--- PROBLEM DESCRIPTION ---
Return, from the data that follows, each line that holds the word "middle".

--- DATASET ---

..............................

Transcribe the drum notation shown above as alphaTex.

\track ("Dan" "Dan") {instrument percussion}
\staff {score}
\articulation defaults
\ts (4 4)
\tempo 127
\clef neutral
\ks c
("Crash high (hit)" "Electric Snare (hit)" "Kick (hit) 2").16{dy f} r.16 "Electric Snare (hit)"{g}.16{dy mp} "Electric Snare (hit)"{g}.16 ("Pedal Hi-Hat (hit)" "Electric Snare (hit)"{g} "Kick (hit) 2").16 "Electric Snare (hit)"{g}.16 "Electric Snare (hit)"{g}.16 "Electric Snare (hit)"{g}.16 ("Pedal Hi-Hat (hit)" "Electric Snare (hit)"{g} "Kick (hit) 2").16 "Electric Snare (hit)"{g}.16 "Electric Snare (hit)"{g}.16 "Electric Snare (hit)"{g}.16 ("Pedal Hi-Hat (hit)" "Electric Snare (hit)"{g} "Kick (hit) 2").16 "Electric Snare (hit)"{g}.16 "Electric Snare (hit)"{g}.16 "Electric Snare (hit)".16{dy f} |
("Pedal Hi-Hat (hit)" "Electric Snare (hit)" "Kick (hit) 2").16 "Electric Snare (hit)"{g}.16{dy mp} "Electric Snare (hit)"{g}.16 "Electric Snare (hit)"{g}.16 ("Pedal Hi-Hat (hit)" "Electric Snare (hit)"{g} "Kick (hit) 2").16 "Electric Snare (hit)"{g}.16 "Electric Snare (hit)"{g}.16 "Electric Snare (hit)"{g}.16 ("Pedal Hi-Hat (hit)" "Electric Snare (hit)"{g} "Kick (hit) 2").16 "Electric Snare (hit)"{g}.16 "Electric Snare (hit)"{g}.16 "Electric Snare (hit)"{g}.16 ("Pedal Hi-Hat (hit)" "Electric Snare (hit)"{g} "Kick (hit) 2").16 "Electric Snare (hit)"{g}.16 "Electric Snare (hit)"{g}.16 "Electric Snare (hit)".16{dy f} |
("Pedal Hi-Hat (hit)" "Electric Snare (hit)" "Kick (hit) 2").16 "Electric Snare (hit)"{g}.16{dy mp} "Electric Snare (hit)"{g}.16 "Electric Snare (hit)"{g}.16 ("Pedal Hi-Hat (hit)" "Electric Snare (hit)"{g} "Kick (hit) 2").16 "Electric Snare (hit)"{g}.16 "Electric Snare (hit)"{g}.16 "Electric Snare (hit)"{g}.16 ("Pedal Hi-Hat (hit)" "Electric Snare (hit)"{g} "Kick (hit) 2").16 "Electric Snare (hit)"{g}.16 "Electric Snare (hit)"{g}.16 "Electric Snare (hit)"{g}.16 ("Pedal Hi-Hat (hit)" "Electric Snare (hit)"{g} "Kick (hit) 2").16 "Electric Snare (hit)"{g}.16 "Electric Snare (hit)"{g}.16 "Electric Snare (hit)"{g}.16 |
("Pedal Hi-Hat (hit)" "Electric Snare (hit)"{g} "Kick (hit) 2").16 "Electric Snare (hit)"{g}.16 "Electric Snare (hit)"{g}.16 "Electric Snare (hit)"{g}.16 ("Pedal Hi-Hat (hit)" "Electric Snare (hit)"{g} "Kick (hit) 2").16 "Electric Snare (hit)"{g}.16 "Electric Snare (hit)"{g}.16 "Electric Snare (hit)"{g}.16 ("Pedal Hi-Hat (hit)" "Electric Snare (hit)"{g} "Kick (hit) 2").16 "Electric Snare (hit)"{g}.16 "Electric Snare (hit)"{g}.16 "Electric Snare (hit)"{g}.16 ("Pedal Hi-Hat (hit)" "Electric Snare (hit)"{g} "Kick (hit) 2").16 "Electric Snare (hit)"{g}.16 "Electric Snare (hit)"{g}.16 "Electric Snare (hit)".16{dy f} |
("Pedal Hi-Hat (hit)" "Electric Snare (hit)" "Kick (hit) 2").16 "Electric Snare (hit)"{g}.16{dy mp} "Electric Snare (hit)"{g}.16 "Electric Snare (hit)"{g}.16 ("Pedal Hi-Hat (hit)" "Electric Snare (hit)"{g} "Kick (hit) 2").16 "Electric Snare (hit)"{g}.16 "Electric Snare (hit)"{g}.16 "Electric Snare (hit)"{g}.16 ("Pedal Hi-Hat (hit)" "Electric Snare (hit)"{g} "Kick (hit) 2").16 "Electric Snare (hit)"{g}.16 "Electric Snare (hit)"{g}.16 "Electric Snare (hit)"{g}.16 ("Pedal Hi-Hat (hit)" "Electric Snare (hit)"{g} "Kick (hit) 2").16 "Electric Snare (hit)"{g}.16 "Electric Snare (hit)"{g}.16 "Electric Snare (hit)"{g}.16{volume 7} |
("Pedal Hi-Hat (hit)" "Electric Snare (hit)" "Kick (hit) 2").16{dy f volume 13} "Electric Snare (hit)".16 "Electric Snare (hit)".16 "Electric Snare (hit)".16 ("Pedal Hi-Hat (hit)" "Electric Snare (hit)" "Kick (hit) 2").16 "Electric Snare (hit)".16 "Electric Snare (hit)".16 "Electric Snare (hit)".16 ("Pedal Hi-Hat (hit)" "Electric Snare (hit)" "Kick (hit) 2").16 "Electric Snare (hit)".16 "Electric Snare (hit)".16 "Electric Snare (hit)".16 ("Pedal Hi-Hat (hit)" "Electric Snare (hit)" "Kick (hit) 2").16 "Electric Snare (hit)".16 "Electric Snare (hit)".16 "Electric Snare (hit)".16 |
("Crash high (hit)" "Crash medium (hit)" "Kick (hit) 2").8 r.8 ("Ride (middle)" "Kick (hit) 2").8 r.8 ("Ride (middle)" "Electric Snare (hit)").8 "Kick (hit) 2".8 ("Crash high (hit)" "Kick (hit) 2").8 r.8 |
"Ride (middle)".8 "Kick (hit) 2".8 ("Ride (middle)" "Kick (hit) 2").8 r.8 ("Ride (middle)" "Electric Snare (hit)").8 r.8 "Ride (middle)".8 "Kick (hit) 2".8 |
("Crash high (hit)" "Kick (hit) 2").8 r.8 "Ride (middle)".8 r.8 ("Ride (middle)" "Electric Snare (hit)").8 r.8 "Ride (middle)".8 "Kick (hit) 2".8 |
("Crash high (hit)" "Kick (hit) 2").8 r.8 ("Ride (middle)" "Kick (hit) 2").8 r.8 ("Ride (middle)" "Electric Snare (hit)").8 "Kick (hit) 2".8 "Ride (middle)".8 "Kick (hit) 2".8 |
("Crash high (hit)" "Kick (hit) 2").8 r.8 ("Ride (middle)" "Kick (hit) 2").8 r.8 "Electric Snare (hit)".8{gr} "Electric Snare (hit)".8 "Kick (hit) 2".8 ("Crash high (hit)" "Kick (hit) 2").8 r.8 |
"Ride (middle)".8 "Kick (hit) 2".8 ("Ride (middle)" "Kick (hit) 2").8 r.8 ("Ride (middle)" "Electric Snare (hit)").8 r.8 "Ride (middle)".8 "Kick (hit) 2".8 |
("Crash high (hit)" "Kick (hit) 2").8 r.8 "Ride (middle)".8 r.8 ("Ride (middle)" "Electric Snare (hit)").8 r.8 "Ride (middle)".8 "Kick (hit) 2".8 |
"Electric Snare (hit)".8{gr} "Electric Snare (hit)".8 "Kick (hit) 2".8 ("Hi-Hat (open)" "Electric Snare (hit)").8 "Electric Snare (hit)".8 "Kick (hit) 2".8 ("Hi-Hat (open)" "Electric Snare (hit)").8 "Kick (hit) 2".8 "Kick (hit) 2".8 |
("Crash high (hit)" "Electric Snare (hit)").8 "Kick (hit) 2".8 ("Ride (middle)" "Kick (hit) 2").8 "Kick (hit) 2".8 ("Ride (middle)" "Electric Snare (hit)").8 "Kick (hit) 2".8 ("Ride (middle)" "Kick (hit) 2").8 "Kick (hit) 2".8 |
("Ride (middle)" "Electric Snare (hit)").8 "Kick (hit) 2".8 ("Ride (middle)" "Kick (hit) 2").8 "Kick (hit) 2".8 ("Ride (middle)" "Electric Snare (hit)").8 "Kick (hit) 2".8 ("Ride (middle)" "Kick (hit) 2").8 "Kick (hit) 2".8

..............................

--- ANSWER ---
("Crash high (hit)" "Crash medium (hit)" "Kick (hit) 2").8 r.8 ("Ride (middle)" "Kick (hit) 2").8 r.8 ("Ride (middle)" "Electric Snare (hit)").8 "Kick (hit) 2".8 ("Crash high (hit)" "Kick (hit) 2").8 r.8 |
"Ride (middle)".8 "Kick (hit) 2".8 ("Ride (middle)" "Kick (hit) 2").8 r.8 ("Ride (middle)" "Electric Snare (hit)").8 r.8 "Ride (middle)".8 "Kick (hit) 2".8 |
("Crash high (hit)" "Kick (hit) 2").8 r.8 "Ride (middle)".8 r.8 ("Ride (middle)" "Electric Snare (hit)").8 r.8 "Ride (middle)".8 "Kick (hit) 2".8 |
("Crash high (hit)" "Kick (hit) 2").8 r.8 ("Ride (middle)" "Kick (hit) 2").8 r.8 ("Ride (middle)" "Electric Snare (hit)").8 "Kick (hit) 2".8 "Ride (middle)".8 "Kick (hit) 2".8 |
("Crash high (hit)" "Kick (hit) 2").8 r.8 ("Ride (middle)" "Kick (hit) 2").8 r.8 "Electric Snare (hit)".8{gr} "Electric Snare (hit)".8 "Kick (hit) 2".8 ("Crash high (hit)" "Kick (hit) 2").8 r.8 |
"Ride (middle)".8 "Kick (hit) 2".8 ("Ride (middle)" "Kick (hit) 2").8 r.8 ("Ride (middle)" "Electric Snare (hit)").8 r.8 "Ride (middle)".8 "Kick (hit) 2".8 |
("Crash high (hit)" "Kick (hit) 2").8 r.8 "Ride (middle)".8 r.8 ("Ride (middle)" "Electric Snare (hit)").8 r.8 "Ride (middle)".8 "Kick (hit) 2".8 |
("Crash high (hit)" "Electric Snare (hit)").8 "Kick (hit) 2".8 ("Ride (middle)" "Kick (hit) 2").8 "Kick (hit) 2".8 ("Ride (middle)" "Electric Snare (hit)").8 "Kick (hit) 2".8 ("Ride (middle)" "Kick (hit) 2").8 "Kick (hit) 2".8 |
("Ride (middle)" "Electric Snare (hit)").8 "Kick (hit) 2".8 ("Ride (middle)" "Kick (hit) 2").8 "Kick (hit) 2".8 ("Ride (middle)" "Electric Snare (hit)").8 "Kick (hit) 2".8 ("Ride (middle)" "Kick (hit) 2").8 "Kick (hit) 2".8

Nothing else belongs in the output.